And Mrs Grantly did write.

PLUMSTEAD, April, 186-.

DEAREST GRISELDA— It seems sometimes that you have been moved so far away from me that I have hardly a right to concern myself more in the affairs of your daily life, and I know that it is impossible that, you should refer to me for advice or sympathy, as you would have done had you married some gentleman of our own standing. But I am quite sure that my child does not forget her mother, or fail to look back upon her mother’s love; and that she will allow me to speak to her if she be in trouble, as I would to any other child whom I had loved and cherished. I pray God that I may be wrong in supposing that such trouble is near you. If I am so you will forgive me my solicitude.
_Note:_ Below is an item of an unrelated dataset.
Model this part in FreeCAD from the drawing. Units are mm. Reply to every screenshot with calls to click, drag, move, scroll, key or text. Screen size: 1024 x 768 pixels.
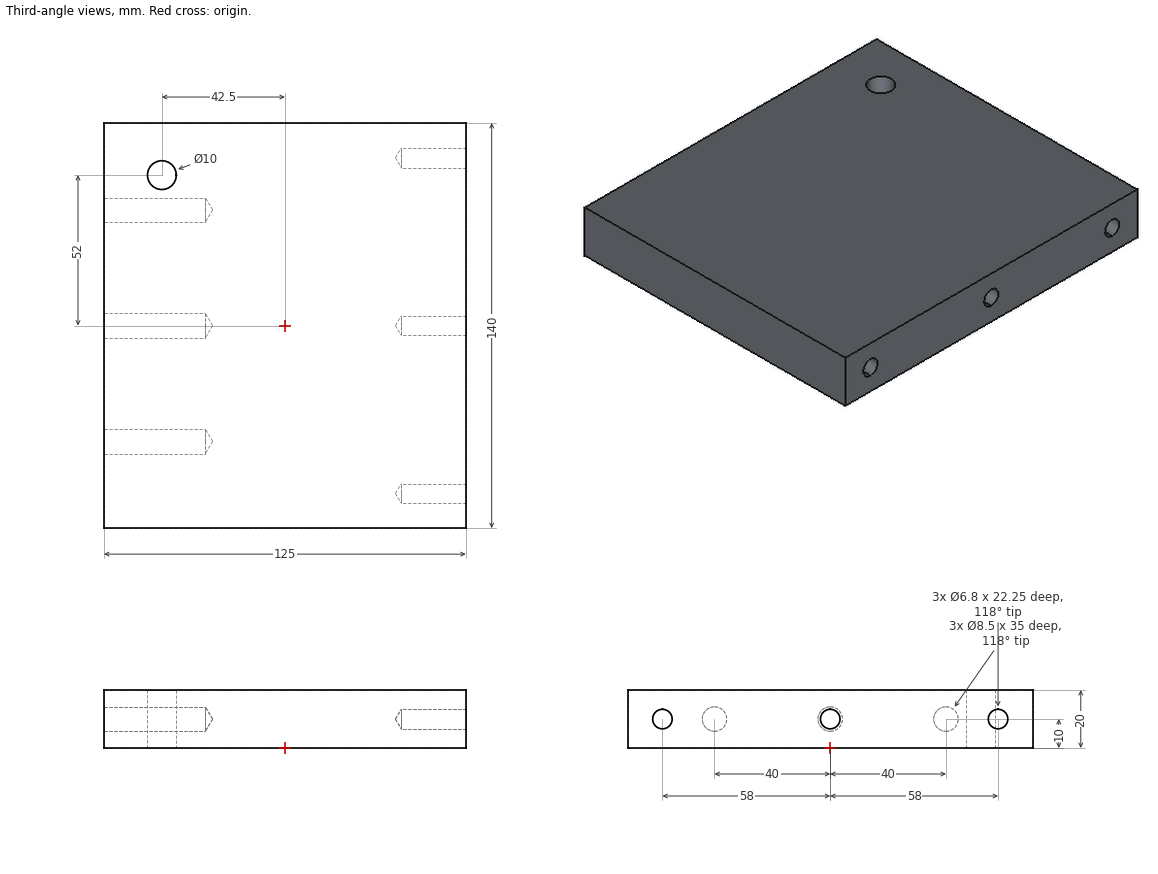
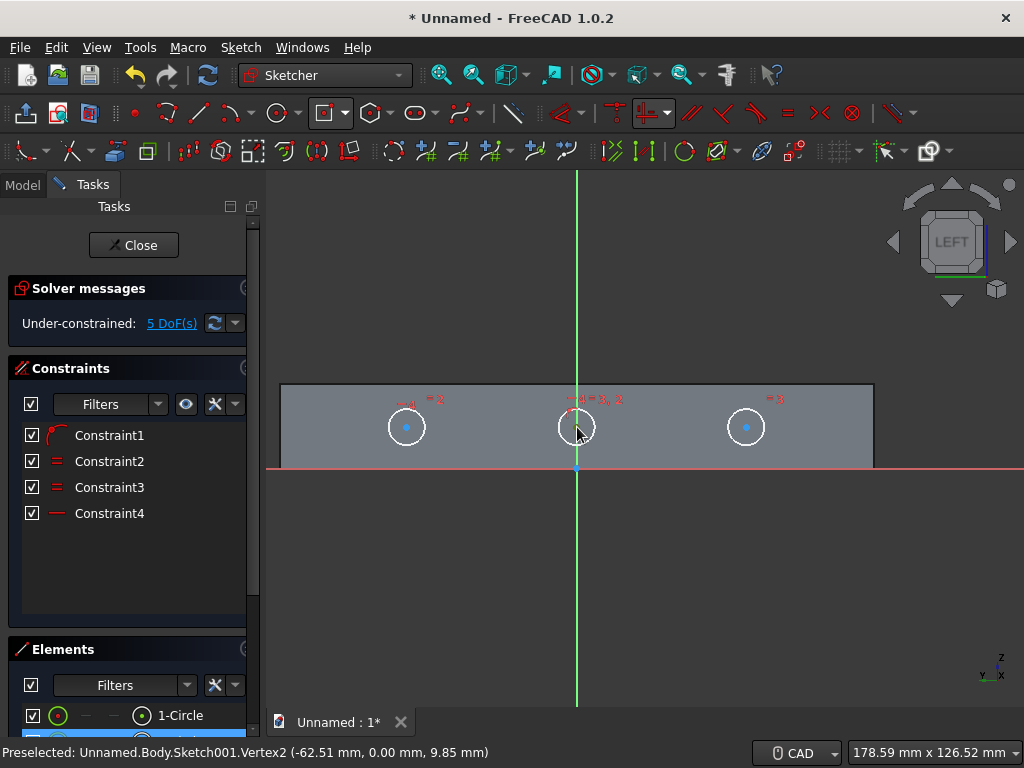
click(746, 427)

Rumours have reached us from more than one quarter that — Oh! Griselda, I hardly know in what words to conceal and yet to declare that which I have to write. They say that you are intimate with Mr Palliser, the nephew of the duke, and that your husband is much offended. Perhaps I had better tell you all, openly, cautioning you not to suppose that I have believed it. They say that it is thought that you are going to put yourself under Mr Palliser’s protection. My dearest child, I think you can imagine with what agony I write these words — with what terrible grief I must have been oppressed before I could, have allowed myself to entertain the thoughts which have produced them. Such things are said openly in Barchester, and your father, who has been in town and has seen you, feels himself unable to tell me that my mind may be at rest.

I will not say to you a word as to the injury in a worldly point of view which would come to you from any rupture with your husband. I believe that you can see what would be the effect of so terrible a step quite as plainly as I can show it you. You would break the heart of your father and send your mother to her grave — but it is not even on that that I may most insist. It is this — that you would offend your God by the worst sin that a woman can commit, and cast yourself into a depth of infamy in which repentance before God is almost impossible, and from which escape before man is not permitted.

I do not believe it, my dearest, dearest child — my only living daughter; I do not believe what they have said to me. But as a mother I have not dared to leave the slander unnoticed. If you will write to me and say that it is not so, you will make me happy again, even though you should rebuke me for my suspicion.

Believe that at all times, and under all circumstances, I am still your loving mother, as I was in other days.

SUSAN GRANTLY.

We will now go back to Mr Palliser as he sat in his chambers at the Albany, thinking of his love. The duke had cautioned him, and the duke’s agent had cautioned him; and he, in spite of his high feeling of independence, had almost been made to tremble. All his thousands a year were in the balance, and perhaps everything on which depended his position before the world. But, nevertheless, though he did tremble, he resolved to persevere. Statistics were becoming dry to him, and love, was very sweet. Statistics, he thought, might be made as enchanting as ever, if only they could be mingled with, love. The mere idea of loving Lady Dumbello had seemed to give a salt to his life of which he did not now know how to rob himself. It is true that he had not as yet enjoyed many of the absolute blessings of love, seeing that his conversations with Lady Dumbello had never been warmer than those which have been repeated in these pages; but his imagination had been at work; and now that Lady Dumbello was fully established at her house in Carlton Gardens, he was determined to declare his passion on the first convenient opportunity. It was sufficiently manifest to him that the world expected him to do so, and that the world was already a little disposed to find fault with the slowness of his proceedings.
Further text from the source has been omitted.